Let’s create a enum with associated value that we’d like to conform to Equatable.

enum ServiceState: Equatable {
  case failed(Error? = nil)
}

While in most cases Swift would be able to automatically synthesize the requirement, Error not being Equatable prevents default implementation from being generated 🥲. So we’ll have to do it by hand:

enum ServiceState: Equatable {
  case failed(Error? = nil)

  static func == (lhs: ServiceState, rhs: ServiceState) -> Bool {
    switch(lhs, rhs) {
    case (.failed(let lhsError), .failed(let rhsError)):
      if let lhsError = lhsError as? Equatable, let rhsError = rhsError as? Equatable {
        return lhsError == rhsError
      }
      return false
    }
  }
}

This code won’t be compile though. On old Swift version you’ll get the infamous “Protocol ‘Equatable’ can only be used as a generic constraint” message. But starting with Swift 5.6 you’ll get another one: “Use of protocol 'Equatable' as a type must be written 'any Equatable’”.

That’s interesting! Let’s just follow Swift recommendation:

if let lhsError = lhsError as? any Equatable, let rhsError = rhsError as? any Equatable {
	return lhsError == rhsError
}

But that doesn’t compile either. Now you’ll have “Binary operator '==' cannot be applied to two 'any Equatable' operands” error 😖.

But that make sense. Equatable is expecting to receive two objects whose types are identical. Here we have two Equatable objects… but they might still be of different types! How to solve this 🧐? You got it: but using opened existentials!

Open Sesame!

The idea of opened existential is to… open an existential 🤷‍♂️. In other words: gaining access to its internal type (Self). And what better candidate to access Self than… the type itself? Sounds confusing but it's actually pretty straightfoward:

1. You add a function to your type (protocol)
2. Inside this function you use Self

Let’s apply this to our example:

1. We define a function Equatable.isEqual
2. We use it to access Self which is the object concrete type
3. We compare it to our parameter (rhs)
4. We use the new function instead of ==

extension Equatable {
  fileprivate func isEqual(_ rhs: any Equatable) -> Bool {
	// A. here we can access Self and check if rhs has the same type than ours
    if let rhs = rhs as? Self, rhs == self {
      return true
    }
    return false
  }
}

enum ServiceState: Equatable {
  case failed(Error? = nil)

  static func == (lhs: ServiceState, rhs: ServiceState) -> Bool {
    switch(lhs, rhs) {
    case (.failed(let lhsError), .failed(let rhsError)):
      if let lhsError = lhsError as? any Equatable, let rhsError = rhsError as? any Equatable {
		// B. now we use our `isEqual` function instead of `==`
        return lhsError.isEqual(rhsError)
      }
      return false
    }
  }
}

And now this compiles 🎉!

But this code may look a little bit weird to you as we moved the logic inside the protocol.
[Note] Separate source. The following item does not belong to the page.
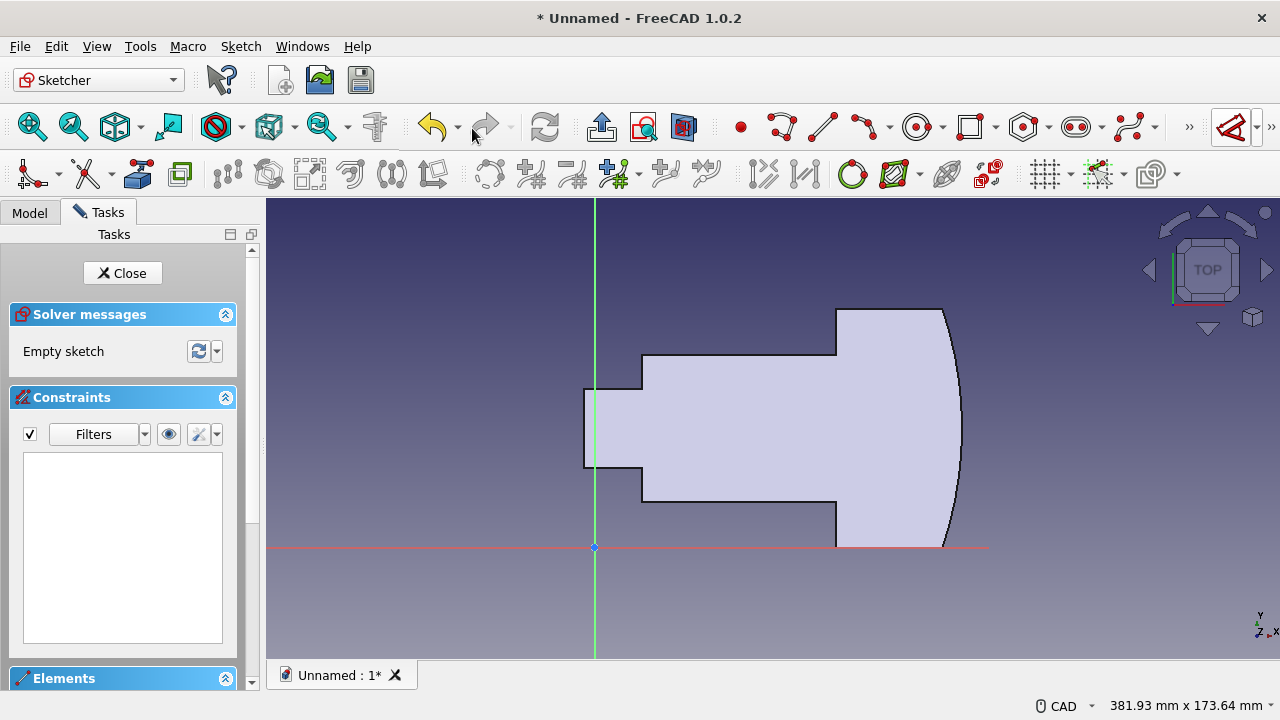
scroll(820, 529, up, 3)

One other option is to use Implicitly Opened Existentials.

Implicitly Opened Existentials

We went from existentials > opened existentials > implicitly opened existentials! I know what you’re thinking: it starts to look like Dragon Ball 🐉 transformations! But I promise: it stops there 😄

Swift 5.7 introduced generic support with existentials: now you can pass an existential as a function generic parameter.

Let’s take back our example and this time instead of extending our protocol we’ll just create a generic function checkIsEqual:

func checkIsEqual<A: Equatable, B: Equatable>(_ a: A, _ b: B) -> Bool {
  if let b = b as? A, b == a {
    return true
  }

  return false
}

enum ServiceState: Equatable {
  case failed(Error? = nil)

  static func == (lhs: ServiceState, rhs: ServiceState) -> Bool {
    switch(lhs, rhs) {
    case (.failed(let lhsError), .failed(let rhsError)):
      if let lhsError = lhsError as? Equatable, let rhsError = rhsError as? Equatable {
        return checkIsEqual(lhsError, rhsError)
      }
      return false
    }
  }
}

Here you see that we got implicit access to our two existential types throught A and B. Hence the name of this functionality.

Conclusion

You now know how to compare two equatable objects in Swift and better understand how to leverage any in your codebase and how helpful it can be. Whether you prefer using solution 1 (extending protocol) or solution 2 (implicitly opened existential) will mostly be a matter of taste.